How does shared memory vs message passing handle large data structures?

南方客 2020-12-22 19:13

In looking at Go and Erlang\'s approach to concurrency, I noticed that they both rely on message passing.

This approach obviously alleviates the need for complex loc

  • 2020-12-22 19:52

    Usually message passing languages (this is especially easy in erlang, since it has immutable variables) optimise away the actual data copying between the processes (of course local processes only: you'll want to think your network distribution pattern wisely), so this isn't much an issue.

  • 2020-12-22 19:57

    Note that your questions are technically non-sensical because message passing can use shared state so I shall assume that you mean message passing with deep copying to avoid shared state (as Erlang currently does).

    Will using shared state be faster and use less memory than message passing, as locks will mostly be unnecessary because the data is read-only, and only needs to exist in a single location?

    Using shared state will be a lot faster.

    How would this problem be approached in a message passing context? Would there be a single process with access to the data structure and clients would simply need to sequentially request data from it?
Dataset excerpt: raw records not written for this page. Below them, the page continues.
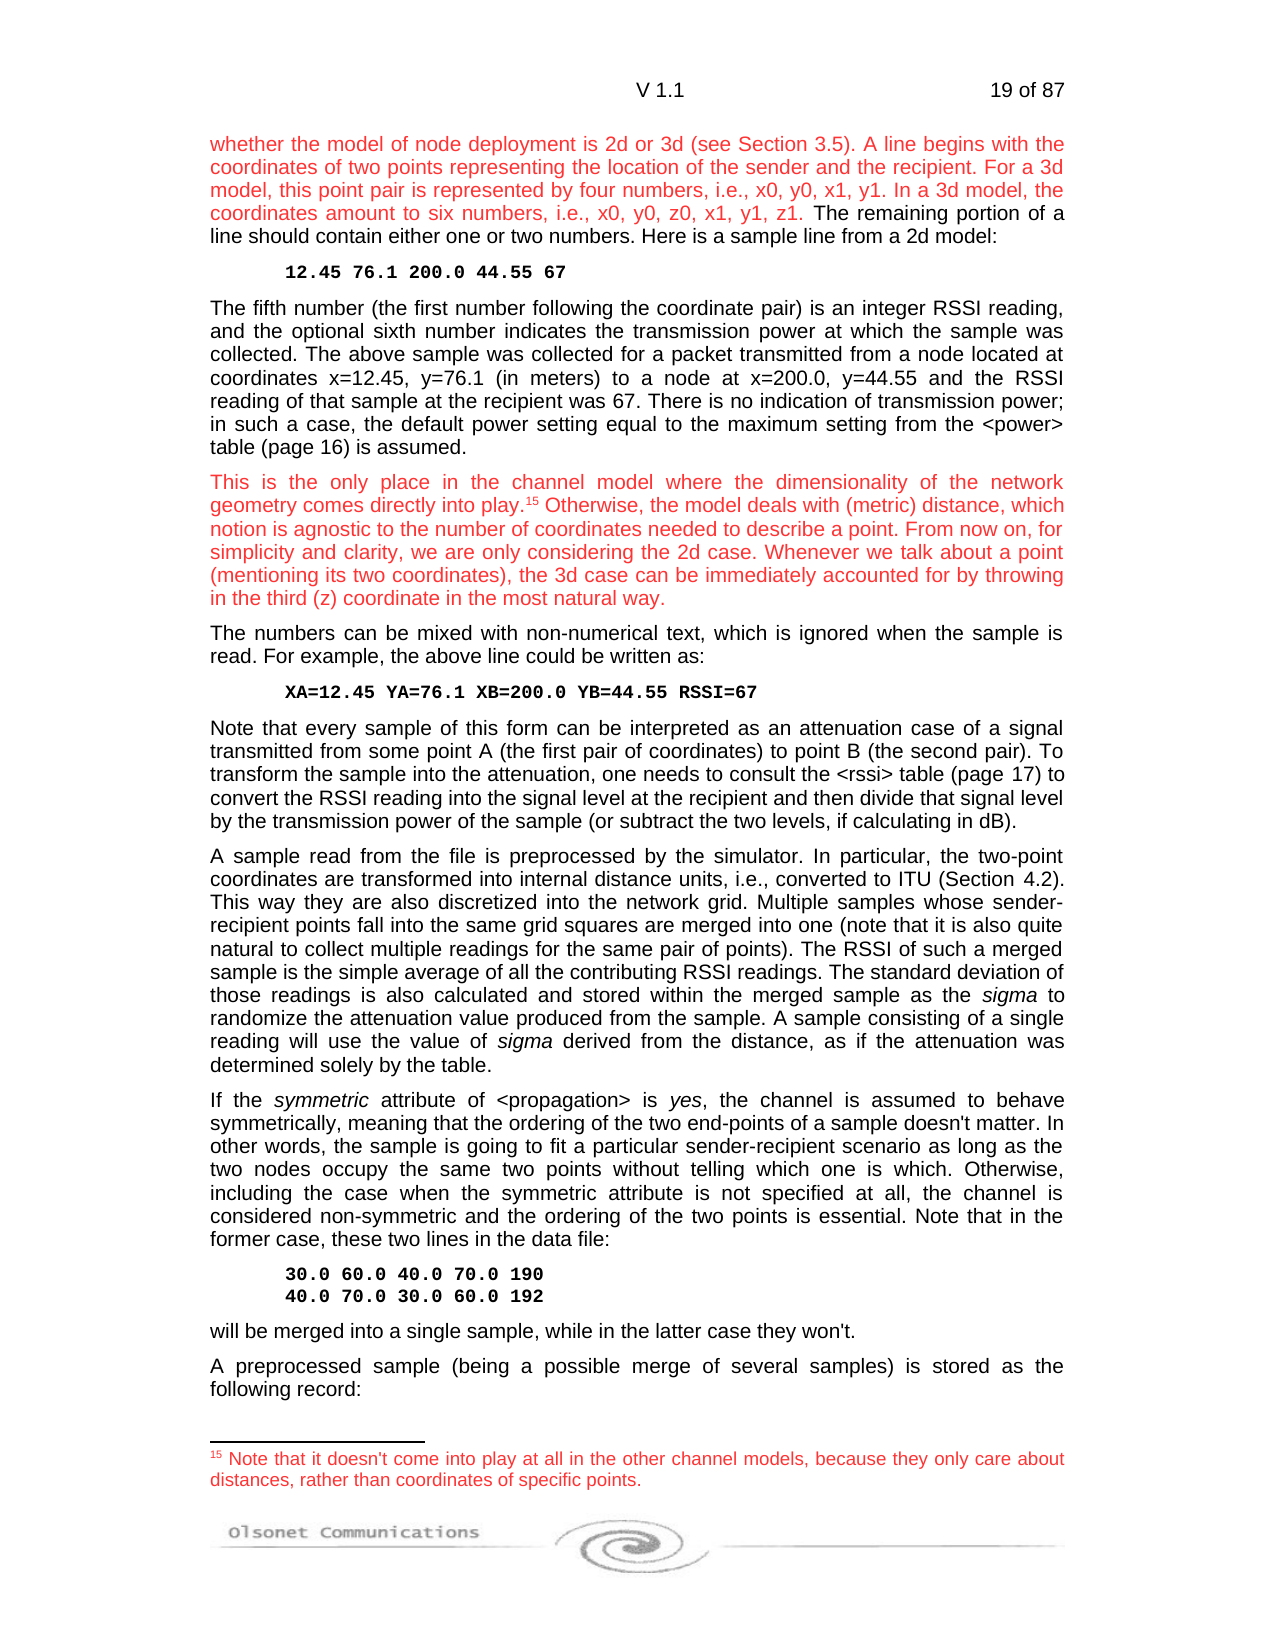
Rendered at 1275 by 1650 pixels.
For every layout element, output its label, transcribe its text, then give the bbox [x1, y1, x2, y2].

text The fifth number (the first number following the coordinate pair) is an integer RSSI reading, and the optional sixth number indicates the transmission power at which the sample was collected. The above sample was collected for a packet transmitted from a node located at coordinates x=12.45, y=76.1 (in meters) to a node at x=200.0, y=44.55 and the RSSI reading of that sample at the recipient was 67. There is no indication of transmission power; in such a case, the default power setting equal to the maximum setting from the <power> table (page 16) is assumed. [210, 296, 1065, 459]
text A sample read from the file is preprocessed by the simulator. In particular, the two-point coordinates are transformed into internal distance units, i.e., converted to ITU (Section 4.2). This way they are also discretized into the network grid. Multiple samples whose sender-recipient points fall into the same grid squares are merged into one (note that it is also quite natural to collect multiple readings for the same pair of points). The RSSI of such a merged sample is the simple average of all the contributing RSSI readings. The standard deviation of those readings is also calculated and stored within the merged sample as the sigma to randomize the attenuation value produced from the sample. A sample consisting of a single reading will use the value of sigma derived from the distance, as if the attenuation was determined solely by the table. [210, 844, 1065, 1077]
text 30.0 60.0 40.0 70.0 190 [210, 1263, 1065, 1286]
text If the symmetric attribute of <propagation> is yes, the channel is assumed to behave symmetrically, meaning that the ordering of the two end-points of a sample doesn't matter. In other words, the sample is going to fit a particular sender-recipient scenario as long as the two nodes occupy the same two points without telling which one is which. Otherwise, including the case when the symmetric attribute is not specified at all, the channel is considered non-symmetric and the ordering of the two points is essential. Note that in the former case, these two lines in the data file: [210, 1088, 1065, 1251]
text Note that it doesn't come into play at all in the other channel models, because they only care about distances, rather than coordinates of specific points. [210, 1448, 1065, 1490]
text The numbers can be mixed with non-numerical text, which is ignored when the sample is read. For example, the above line could be written as: [210, 622, 1065, 668]
text Note that every sample of this form can be interpreted as an attenuation case of a signal transmitted from some point A (the first pair of coordinates) to point B (the second pair). To transform the sample into the attenuation, one needs to consult the <rssi> table (page 17) to convert the RSSI reading into the signal level at the recipient and then divide that signal level by the transmission power of the sample (or subtract the two levels, if calculating in dB). [210, 716, 1065, 832]
text 40.0 70.0 30.0 60.0 192 [210, 1286, 1065, 1308]
picture [210, 1504, 1065, 1596]
text whether the model of node deployment is 2d or 3d (see Section 3.5). A line begins with the coordinates of two points representing the location of the sender and the recipient. For a 3d model, this point pair is represented by four numbers, i.e., x0, y0, x1, y1. In a 3d model, the coordinates amount to six numbers, i.e., x0, y0, z0, x1, y1, z1. The remaining portion of a line should contain either one or two numbers. Here is a sample line from a 2d model: [210, 132, 1065, 248]
text This is the only place in the channel model where the dimensionality of the network geometry comes directly into play. Otherwise, the model deals with (metric) distance, which notion is agnostic to the number of coordinates needed to describe a point. From now on, for simplicity and clarity, we are only considering the 2d case. Whenever we talk about a point (mentioning its two coordinates), the 3d case can be immediately accounted for by throwing in the third (z) coordinate in the most natural way. [210, 471, 1065, 610]
text A preprocessed sample (being a possible merge of several samples) is stored as the following record: [210, 1354, 1065, 1401]
text 12.45 76.1 200.0 44.55 67 [210, 260, 1065, 284]
text XA=12.45 YA=76.1 XB=200.0 YB=44.55 RSSI=67 [210, 680, 1065, 704]
text will be merged into a single sample, while in the latter case they won't. [210, 1319, 1065, 1343]
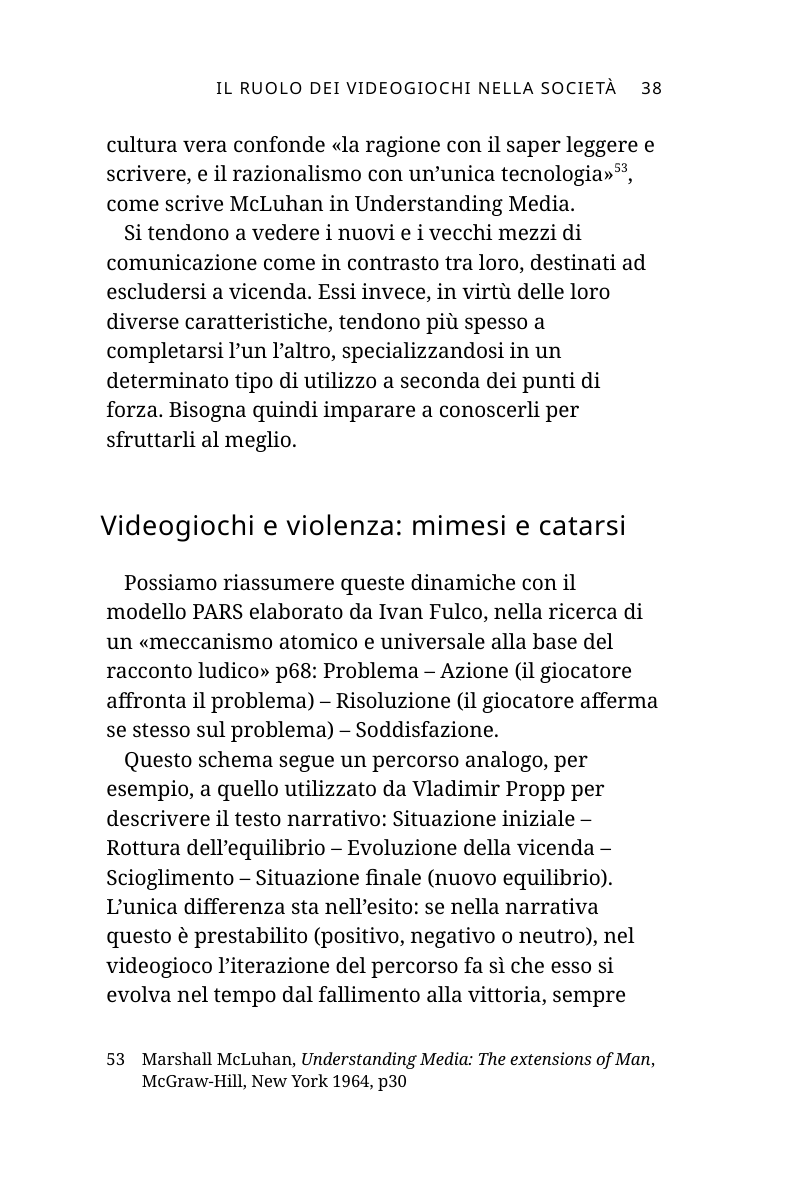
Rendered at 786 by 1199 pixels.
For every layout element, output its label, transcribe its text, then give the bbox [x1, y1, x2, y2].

text cultura vera confonde «la ragione con il saper leggere e scrivere, e il razionalismo con un’unica tecnologia», come scrive McLuhan in Understanding Media. [106, 129, 661, 217]
text Marshall McLuhan, Understanding Media: The extensions of Man, McGraw-Hill, New York 1964, p30 [106, 1047, 661, 1093]
subtitle Videogiochi e violenza: mimesi e catarsi [100, 506, 661, 543]
text Possiamo riassumere queste dinamiche con il modello PARS elaborato da Ivan Fulco, nella ricerca di un «meccanismo atomico e universale alla base del racconto ludico» p68: Problema – Azione (il giocatore affronta il problema) – Risoluzione (il giocatore afferma se stesso sul problema) – Soddisfazione. [106, 567, 661, 744]
text Questo schema segue un percorso analogo, per esempio, a quello utilizzato da Vladimir Propp per descrivere il testo narrativo: Situazione iniziale – Rottura dell’equilibrio – Evoluzione della vicenda – Scioglimento – Situazione finale (nuovo equilibrio). L’unica differenza sta nell’esito: se nella narrativa questo è prestabilito (positivo, negativo o neutro), nel videogioco l’iterazione del percorso fa sì che esso si evolva nel tempo dal fallimento alla vittoria, sempre [106, 744, 661, 1009]
text Si tendono a vedere i nuovi e i vecchi mezzi di comunicazione come in contrasto tra loro, destinati ad escludersi a vicenda. Essi invece, in virtù delle loro diverse caratteristiche, tendono più spesso a completarsi l’un l’altro, specializzandosi in un determinato tipo di utilizzo a seconda dei punti di forza. Bisogna quindi imparare a conoscerli per sfruttarli al meglio. [106, 217, 661, 453]

Or, if possible, would the data be chunked to create several processes that hold chunks?

    Either approach can be used.

    Given the architecture of modern CPUs & memory, is there much difference between the two solutions -- i.e., can shared memory be read in parallel by multiple cores -- meaning there is no hardware bottleneck that would otherwise make both implementations roughly perform the same?

    Copying is cache unfriendly and, therefore, destroys scalability on multicores because it worsens contention for the shared resource that is main memory.

    Ultimately, Erlang-style message passing is designed for concurrent programming whereas your questions about throughput performance are really aimed at parallel programming. These are two quite different subjects and the overlap between them is tiny in practice. Specifically, latency is typically just as important as throughput in the context of concurrent programming and Erlang-style message passing is a great way to achieve desirable latency profiles (i.e. consistently low latencies). The problem with shared memory then is not so much synchronization among readers and writers but low-latency memory management.

  • 2020-12-22 20:02
    • Yes, shared state could be faster in this case. But only if you can forgo the locks, and this is only doable if it's absolutely read-only. if it's 'mostly read-only' then you need a lock (unless you manage to write lock-free structures, be warned that they're even trickier than locks), and then you'd be hard-pressed to make it perform as fast as a good message-passing architecture.

    • Yes, you could write a 'server process' to share it. With really lightweight processes, it's no more heavy than writing a small API to access the data. Think like an object (in OOP sense) that 'owns' the data. Splitting the data in chunks to enhance parallelism (called 'sharding' in DB circles) helps in big cases (or if the data is on slow storage).

    • Even if NUMA is getting mainstream, you still have more and more cores per NUMA cell. And a big difference is that a message can be passed between just two cores, while a lock has to be flushed from cache on ALL cores, limiting it to the inter-cell bus latency (even slower than RAM access). If anything, shared-state/locks is getting more and more unfeasible.

    in short.... get used to message passing and server processes, it's all the rage.

    Edit: revisiting this answer, I want to add about a phrase found on Go's documentation:

    share memory by communicating, don't communicate by sharing memory.

    the idea is: when you have a block of memory shared between threads, the typical way to avoid concurrent access is to use a lock to arbitrate. The Go style is to pass a message with the reference, a thread only accesses the memory when receiving the message. It relies on some measure of programmer discipline; but results in very clean-looking code that can be easily proofread, so it's relatively easy to debug.

    the advantage is that you don't have to copy big blocks of data on every message, and don't have to effectively flush down caches as on some lock implementations. It's still somewhat early to say if the style leads to higher performance designs or not. (specially since current Go runtime is somewhat naive on thread scheduling)

  • 2020-12-22 20:03

    Most modern processors use variants of the MESI protocol. Because of the shared state, Passing read-only data between different threads is very cheap. Modified shared data is very expensive though, because all other caches that store this cache line must invalidate it.

    So if you have read-only data, it is very cheap to share it between threads instead of copying with messages. If you have read-mostly data, it can be expensive to share between threads, partly because of the need to synchronize access, and partly because writes destroy the cache friendly behavior of the shared data.

    Immutable data structures can be beneficial here. Instead of changing the actual data structure, you simply make a new one that shares most of the old data, but with the things changed that you need changed. Sharing a single version of it is cheap, since all the data is immutable, but you can still update to a new version efficiently.